At the molecular level, ICP0 has a highly complex phenotype. At least four mechanisms have been proposed to explain how ICP0 modulates gene transcription. These generally involve the modification of chromatin in order to de-repress the HSV genome after replication in neuronal cells. ICP0 has also been proposed to interact with transcription factor E2FBP1. In addition, a fundamental feature of ICP0 is its E3 ubiquitin ligase activity mediated by its RING domain. ICP0 causes ubiquitination of proteins, which leads to their degradation or changes in their function. A number of proteins targeted for ubiquitination by ICP0 participate in mechanisms through which cells resist viral infections. For example, PML, a component of the ND10 nuclear bodies, which interfere with HSV genome replication, is degraded by ICP0-mediated ubiquitination, as are other proteins such as IFI16 and IkBa involved in innate immunity to infections. Despite the apparent importance of ICP0 in HSV life cycle, very little is known about ICP0.

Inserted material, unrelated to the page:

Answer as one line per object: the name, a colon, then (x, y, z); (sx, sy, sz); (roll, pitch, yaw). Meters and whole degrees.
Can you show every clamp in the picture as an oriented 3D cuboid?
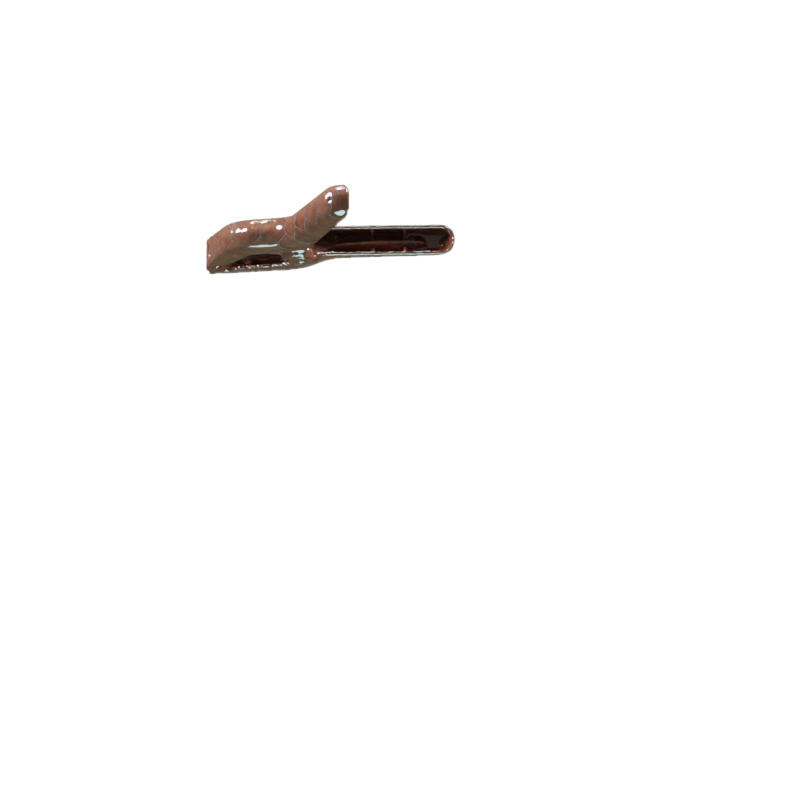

Development of an HSV-2 vaccine may be able to prevent herpes disease and block spread of the virus. Previous clinical studies of an HSV-2 subunit vaccine containing glycoprotein D, however, failed to show efficacy at preventing HSV-2 infection, see R. B. Belshe et al., NEJM 366:34-43 (2012). It has been proposed that a vaccine capable of mimicking natural viral infection and inducing a broad immune response may be an attractive vaccine candidate, as noted in M. C. Bernard et al., PLOS One 10(4):e0121518 (2015).
HSV529 is a replication defective HSV-2 variant, also known as ACAM529, as described in Delagrave et al, PLOS One 7(10):e46714 (2012), and M. C. Bernard et al., PLOS One 10(4):e0121518 (2015). The HSV529 virus, which is a plaque-purified clone of the re-derived strain d15-29 lacks two viral DNA replication genes (UL5 and UL29) and cannot replicate in the absence of these gene products. Da Costa et al. J. Virol. 7963-7971 (2000); S. T. Mundle, PLOS One 8(2):e57224 (2013). The HSV529 virus is grown using the complementary helper cell line, AV529-19, which is a Vero cell line that was stably transfected to supply UL5 and UL29 HSV-2 proteins in trans in infected cells. In mouse and guinea pig models of genital herpes, HSV529 induces immune responses and blocks HSV-2 infection, see M. C. Bernard et al., PLOS One 10(4):e0121518 (2015) and references therein.
We herein describe that the wild-type HSV-2 virus generates significantly higher virus yield than the HSV529 after infection of AV529-19 cells. Given the need to generate the HSV529 clinical candidate at a large scale for clinical purposes, we investigated methods to increase viral yield. Given the known critical role of ICP8 (the protein expressed by the UL29 gene) in HSV-2 replication, see P. E. Boehmer et al., J Biol Chem 269(46):29329-3 (1994), we investigated expression of ICP8 in AV529-19 cells. We unexpectedly found that ICP8 could only be detected in AV529-19 cells after infection with HSV529. Thus, there exists a need in the art to improve recombinant protein production in AV529-19 cells to increase the yield of HSV529 production. There is also a need in the art to increase protein production in other systems, such as, for example, when producing therapeutic biologics for mass production, and when producing replication defective vaccine in trans complementary systems.